━━ GIVEN RECORDS

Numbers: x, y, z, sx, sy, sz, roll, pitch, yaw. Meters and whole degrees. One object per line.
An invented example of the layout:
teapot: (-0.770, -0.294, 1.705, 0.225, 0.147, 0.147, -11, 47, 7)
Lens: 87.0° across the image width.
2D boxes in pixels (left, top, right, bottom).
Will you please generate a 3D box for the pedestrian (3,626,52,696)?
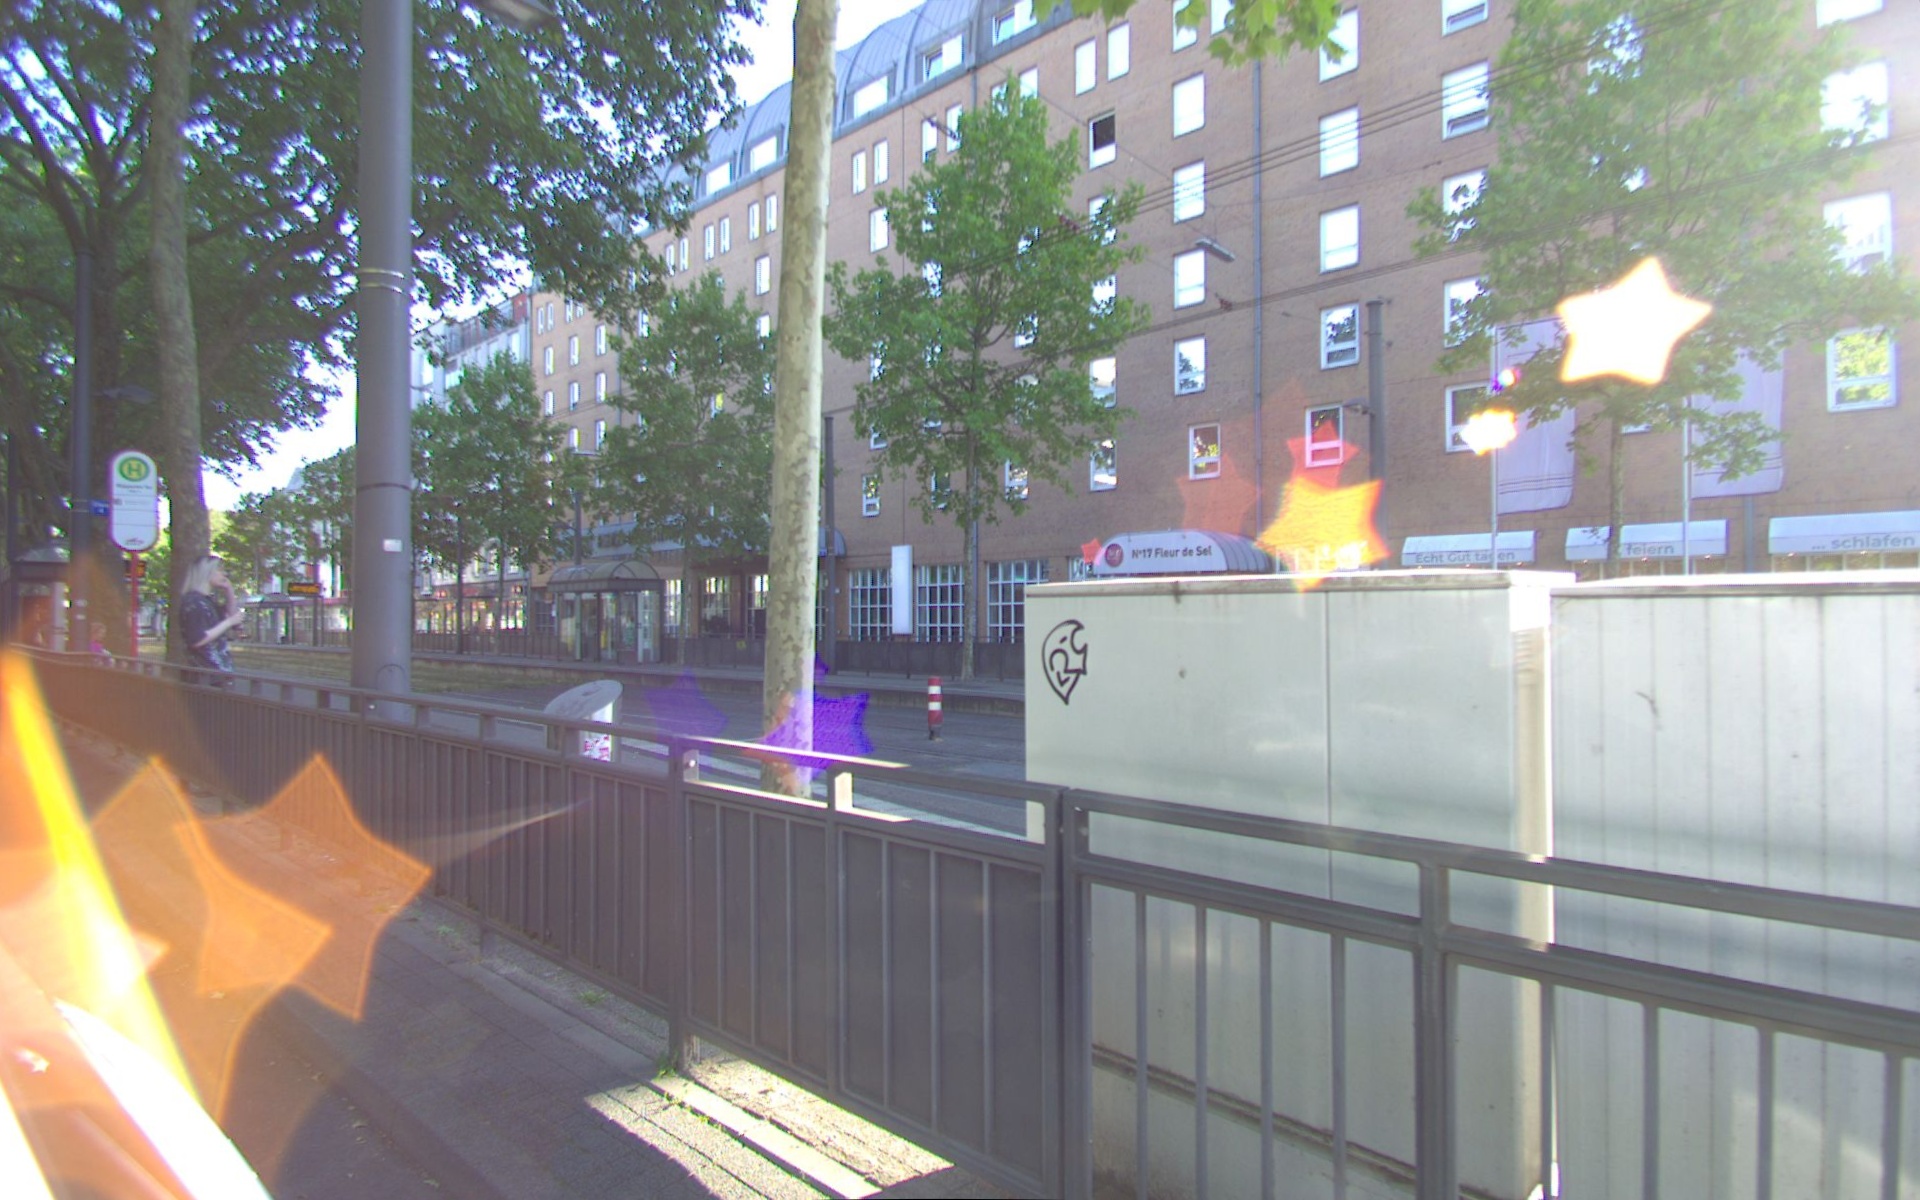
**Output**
pedestrian: (-19.399, 1.259, 21.049, 0.725, 1.398, 0.641, -1, 0, -44)

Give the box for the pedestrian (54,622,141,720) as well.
pedestrian: (-13.228, 1.061, 15.521, 0.965, 1.410, 0.665, -1, 0, -44)

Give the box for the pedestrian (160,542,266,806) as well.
pedestrian: (-5.750, 0.537, 7.783, 0.759, 1.914, 0.504, -1, 0, 42)

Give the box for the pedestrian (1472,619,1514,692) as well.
pedestrian: (12.189, 1.257, 23.151, 0.725, 1.596, 0.583, -1, 0, 40)

━━━━

● TASK INSTRUCTIONS:
Restate word for word the lines above that start at the line containing "Will you please" and run to the end of the listing; exclude the pictures.

● OUTPUT FOR THIS EXERCISE:
Will you please generate a 3D box for the pedestrian (3,626,52,696)?
**Output**
pedestrian: (-19.399, 1.259, 21.049, 0.725, 1.398, 0.641, -1, 0, -44)

Give the box for the pedestrian (54,622,141,720) as well.
pedestrian: (-13.228, 1.061, 15.521, 0.965, 1.410, 0.665, -1, 0, -44)

Give the box for the pedestrian (160,542,266,806) as well.
pedestrian: (-5.750, 0.537, 7.783, 0.759, 1.914, 0.504, -1, 0, 42)

Give the box for the pedestrian (1472,619,1514,692) as well.
pedestrian: (12.189, 1.257, 23.151, 0.725, 1.596, 0.583, -1, 0, 40)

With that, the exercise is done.